(Requirement)
I would like the line with "Use one line" and every line after it, down to the end of the entries below, output exactly and without pictures.

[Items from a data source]
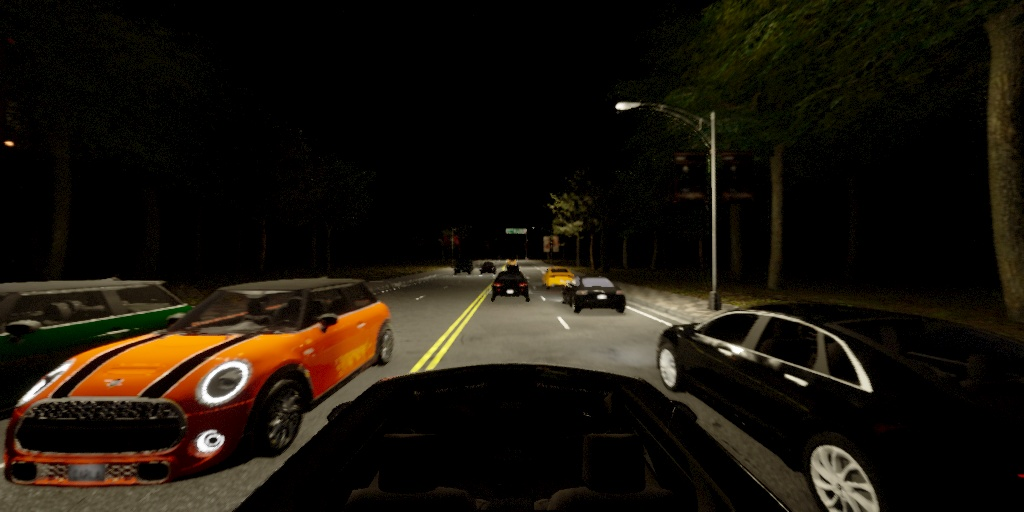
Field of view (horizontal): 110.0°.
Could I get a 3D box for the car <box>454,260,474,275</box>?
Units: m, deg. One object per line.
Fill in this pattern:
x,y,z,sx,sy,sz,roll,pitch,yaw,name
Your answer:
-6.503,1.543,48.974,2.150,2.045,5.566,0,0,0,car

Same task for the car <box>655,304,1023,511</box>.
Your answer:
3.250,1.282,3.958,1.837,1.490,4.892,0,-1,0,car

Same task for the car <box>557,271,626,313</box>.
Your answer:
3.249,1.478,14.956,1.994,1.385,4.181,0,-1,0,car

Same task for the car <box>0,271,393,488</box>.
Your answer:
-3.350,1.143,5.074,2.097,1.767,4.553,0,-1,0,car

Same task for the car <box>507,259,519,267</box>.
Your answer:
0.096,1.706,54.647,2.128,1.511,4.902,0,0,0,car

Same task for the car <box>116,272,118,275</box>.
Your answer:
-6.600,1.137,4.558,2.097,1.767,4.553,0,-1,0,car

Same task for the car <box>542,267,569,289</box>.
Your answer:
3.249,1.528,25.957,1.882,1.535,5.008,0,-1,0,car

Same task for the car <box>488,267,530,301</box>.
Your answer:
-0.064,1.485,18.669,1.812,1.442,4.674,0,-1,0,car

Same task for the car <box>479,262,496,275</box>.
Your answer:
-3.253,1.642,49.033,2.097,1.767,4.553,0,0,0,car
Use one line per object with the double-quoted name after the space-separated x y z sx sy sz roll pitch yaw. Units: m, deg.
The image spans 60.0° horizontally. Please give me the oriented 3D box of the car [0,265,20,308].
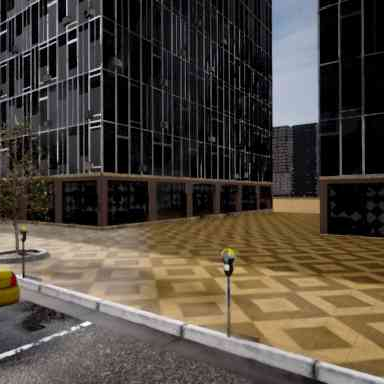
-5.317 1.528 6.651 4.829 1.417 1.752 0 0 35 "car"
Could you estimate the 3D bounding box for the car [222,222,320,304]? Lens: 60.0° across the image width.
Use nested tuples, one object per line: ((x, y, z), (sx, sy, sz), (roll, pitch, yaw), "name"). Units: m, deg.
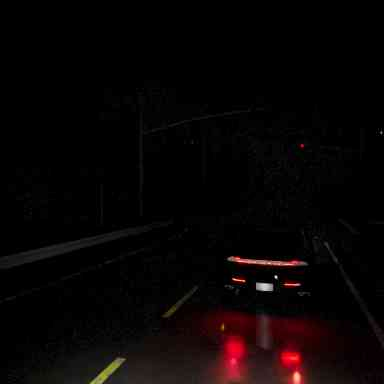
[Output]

(Response to the exercise)
Use one line per object with the double-quoted name after the space-separated x y z sx sy sz roll pitch yaw. Units: m, deg.
The image spans 60.0° horizontally. Please give me the oriented 3D box of the car [0,265,20,308].
-5.317 1.528 6.651 4.829 1.417 1.752 0 0 35 "car"
Could you estimate the 3D bounding box for the car [222,222,320,304]? Lens: 60.0° across the image width.
Use nested tuples, one object per line: ((x, y, z), (sx, sy, sz), (roll, pitch, yaw), "name"). Units: m, deg.
[Output]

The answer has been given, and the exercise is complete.